TABLE 1.
τ (min) | μ (doublings/h) | 1012 L14 molecules/OD460 U of cell massa | 103 L14 molecules/oriCb | No. of rplN genes/oriCc | 103 L14 molecules/rplN genesd | No. of L14 molecules synthesized/min/ rplN genee |
---|---|---|---|---|---|---|
100 | 0.6 | 6 | 3 | 0.90 | 4 | 26 |
60 | 1.0 | 7 | 4 | 0.85 | 5 | 58 |
40 | 1.5 | 8 | 8 | 0.82 | 9 | 158 |
30 | 2.0 | 10 | 9 | 0.80 | 12 | 270 |
24 | 2.5 | 11 | 10 | 0.79 | 13 | 369 |
20 | 3.0 | 13 | 11 | 0.77 | 14 | 474 |
The number of L14 molecules in a culture was assumed to be equal to the number of ribosomes present.

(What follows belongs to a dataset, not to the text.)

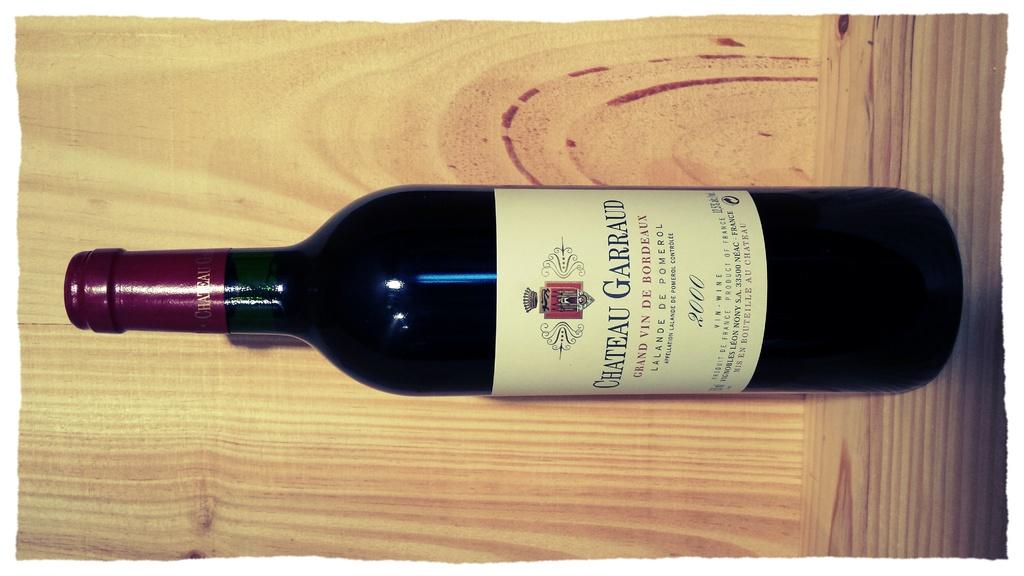What year was the wine made?
Offer a terse response. 2000. What brand of wine is this?
Keep it short and to the point. Chateau garraud.

The number of ribosomes per cell mass was obtained from the total amount of RNA per mass (in RNA nucleotides per OD460 unit [Fig. 4b]) by multiplication with 0.84 (84% of total RNA is rRNA) and division by the number of rRNA nucleotides in a 70S ribosome (4,566 [11]).
The number of L14 molecules per oriC was found from the number of L14 molecules per cell mass above by multiplication with mass per oriC (initiation mass [Fig. 5a]).
The number of rplN genes per oriC was found from the map location of rplN (at 73 min [1]) and the C period (Fig. 3a), by equations 4 and 6 (Appendix).
The number of L14 molecules per rplN gene was found by dividing the number of L14 molecules per oriC by the number of rplN genes per oriC.
The synthesis rate of L14 per rplN gene (in L14 molecules per minute per gene) equals the product of the number of L14 molecules per gene multiplied by the growth rate (ln 2/τ).